Use Google Drive OCR

authenticate

https://developers.google.com/drive/v3/web/quickstart/python#step_1_turn_on_the_api_name

Run following code

from __future__ import print_function
import httplib2
import os

from apiclient import discovery
from oauth2client import client
from oauth2client import tools
from oauth2client.file import Storage

try:
    import argparse
    flags = argparse.ArgumentParser(parents=[tools.argparser]).parse_args()
except ImportError:
    flags = None

# If modifying these scopes, delete your previously saved credentials
# at ~/.credentials/drive-python-quickstart.json
SCOPES = 'https://www.googleapis.com/auth/drive'
CLIENT_SECRET_FILE = 'client_secret.json'
APPLICATION_NAME = 'OCR'


def get_credentials():
    """Gets valid user credentials from storage.

    If nothing has been stored, or if the stored credentials are invalid,
    the OAuth2 flow is completed to obtain the new credentials.

    Returns:
        Credentials, the obtained credential.
    """
    home_dir = os.path.expanduser('~')
    credential_dir = os.path.join(home_dir, '.credentials')
    if not os.path.exists(credential_dir):
        os.makedirs(credential_dir)
    credential_path = os.path.join(credential_dir,
                                   'client_secret.json')

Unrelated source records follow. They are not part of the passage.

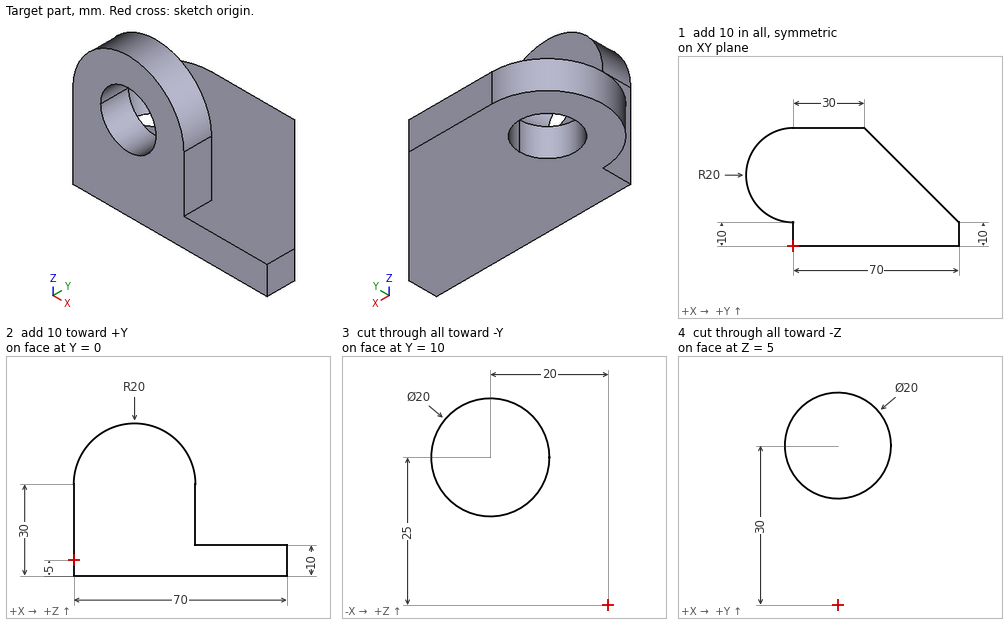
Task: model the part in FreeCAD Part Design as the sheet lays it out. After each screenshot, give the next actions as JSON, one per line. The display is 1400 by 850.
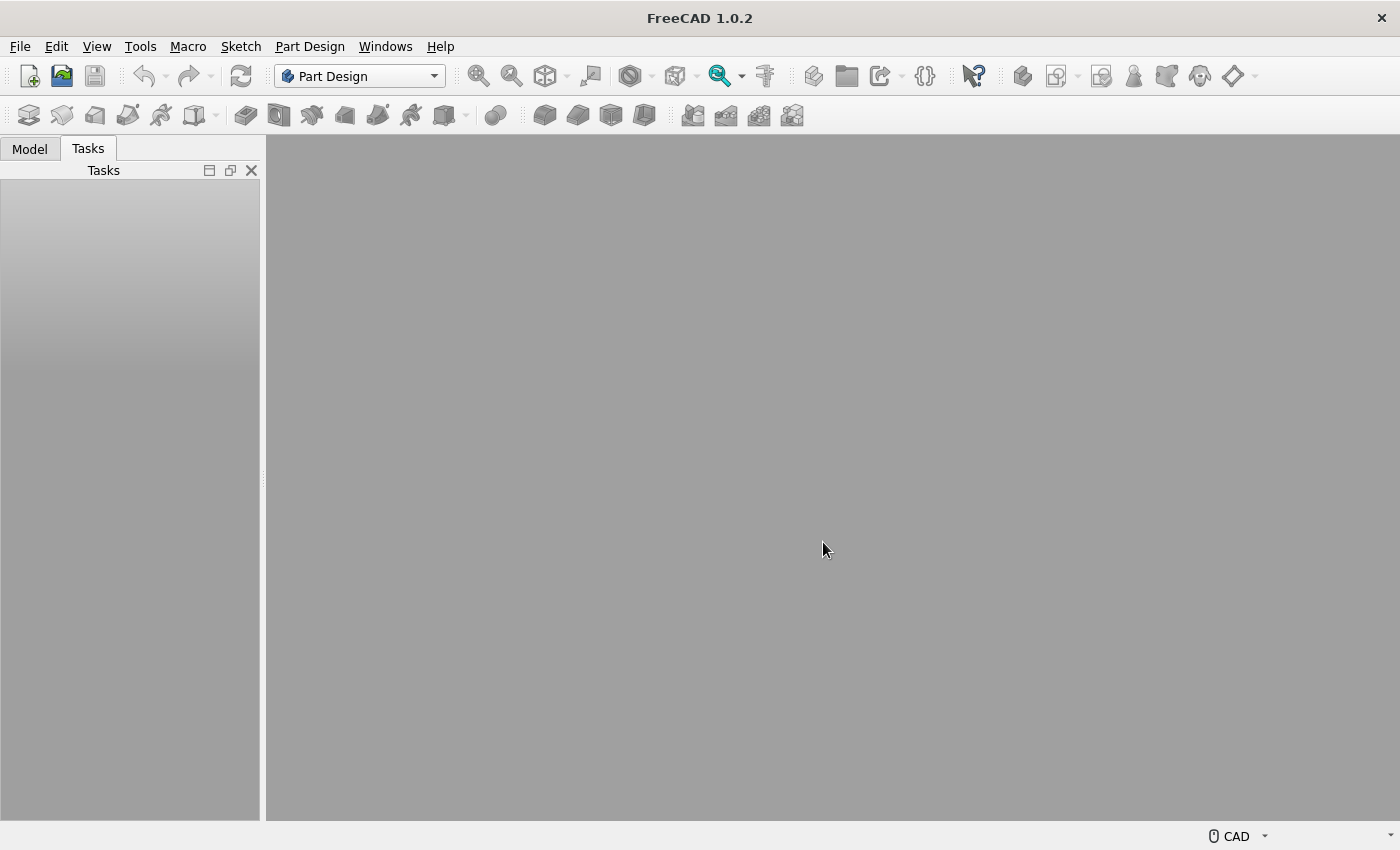
{"action": "left_click", "coordinate": [29, 76]}
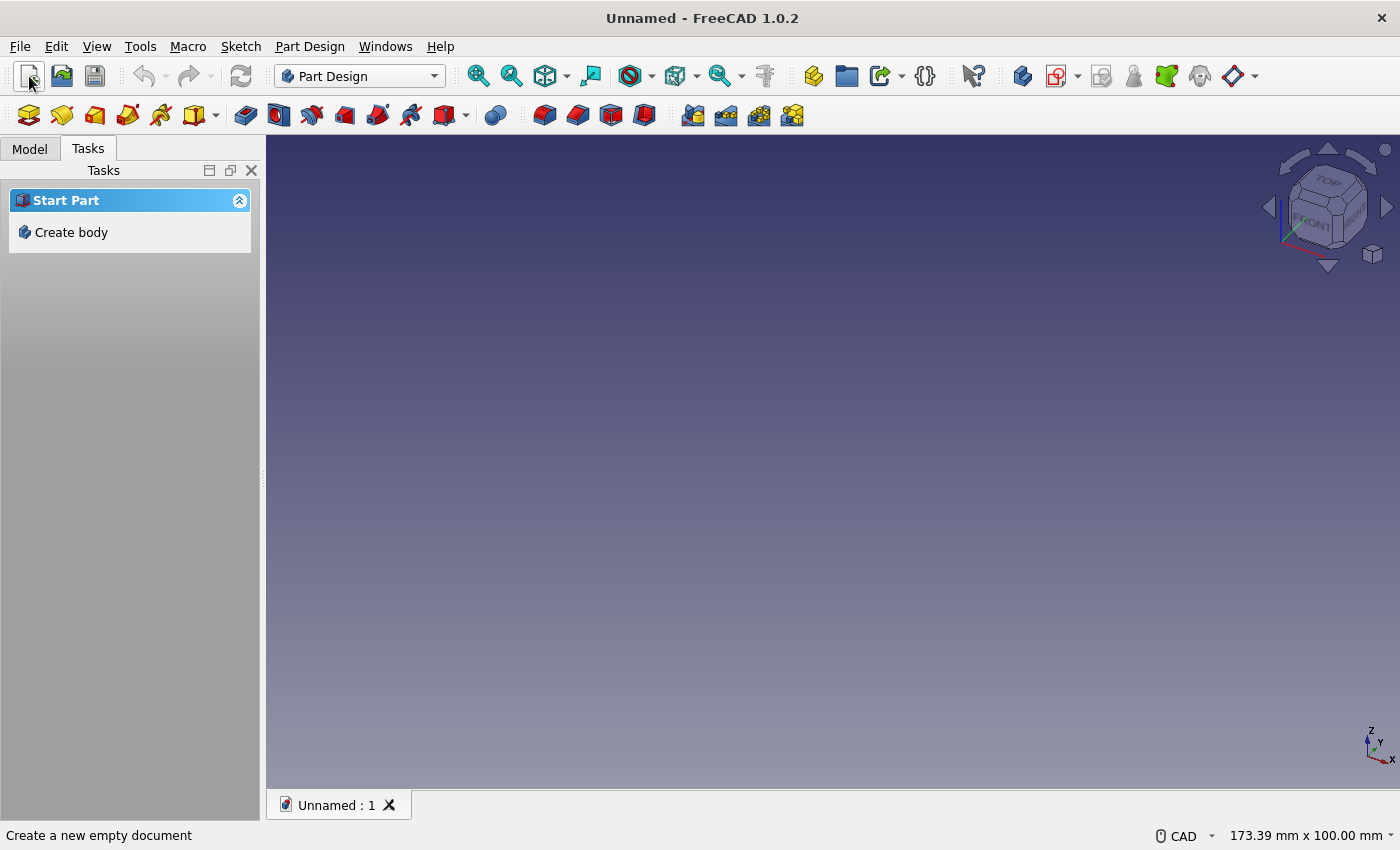
{"action": "left_click", "coordinate": [1056, 76]}
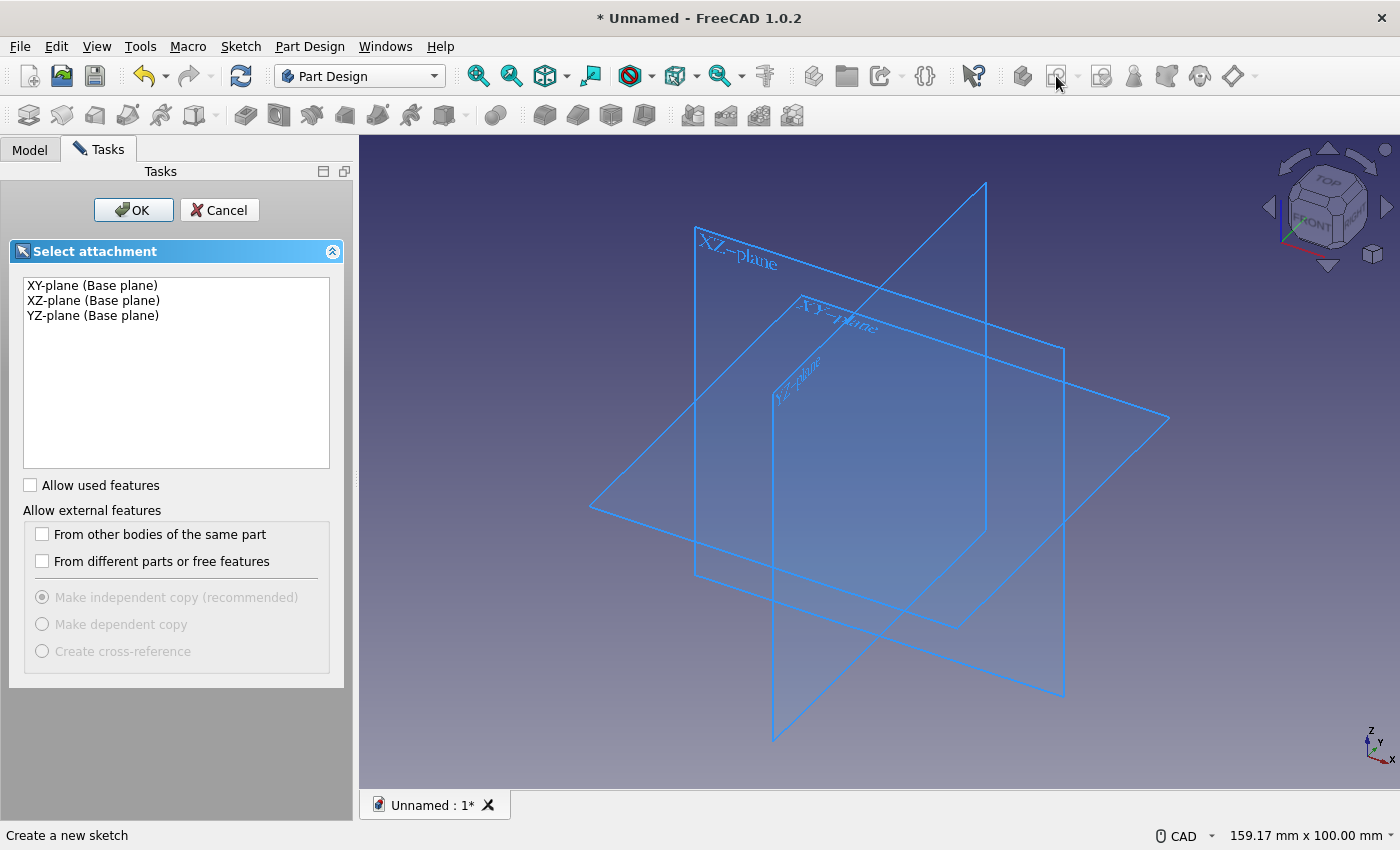
{"action": "left_click", "coordinate": [84, 286]}
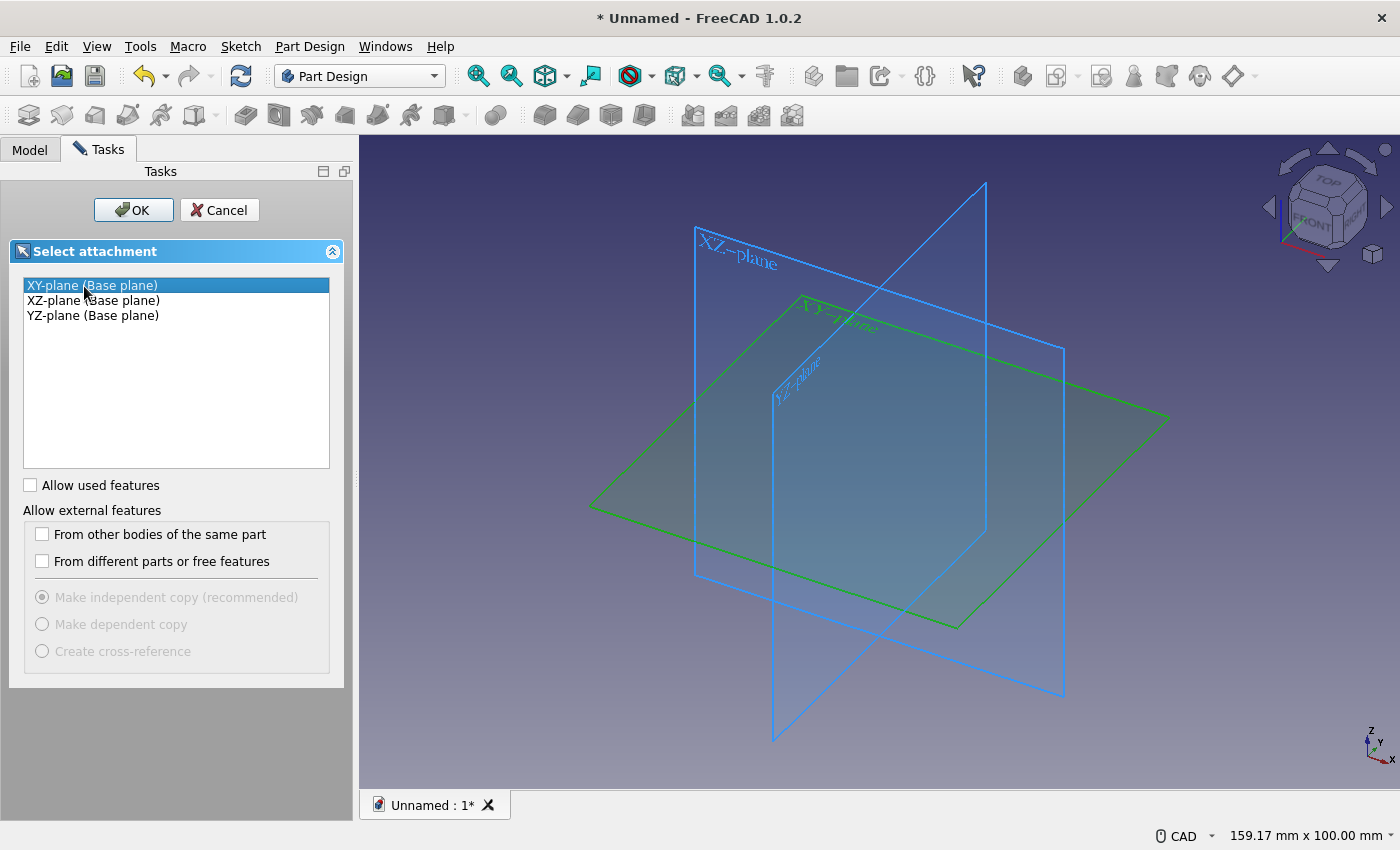
{"action": "left_click", "coordinate": [134, 210]}

    store = Storage(credential_path)
    credentials = store.get()
    if not credentials or credentials.invalid:
        print(os.getcwd())
        flow = client.flow_from_clientsecrets(CLIENT_SECRET_FILE, SCOPES)
        flow.user_agent = APPLICATION_NAME
        if flags:
            credentials = tools.run_flow(flow, store, flags)
        else: # Needed only for compatibility with Python 2.6
            credentials = tools.run(flow, store)
        print('Storing credentials to ' + credential_path)
    return credentials

def main():
    """Shows basic usage of the Google Drive API.

    Creates a Google Drive API service object and outputs the names and IDs
    for up to 10 files.
    """
    credentials = get_credentials()
    http = credentials.authorize(httplib2.Http())
    service = discovery.build('drive', 'v3', http=http)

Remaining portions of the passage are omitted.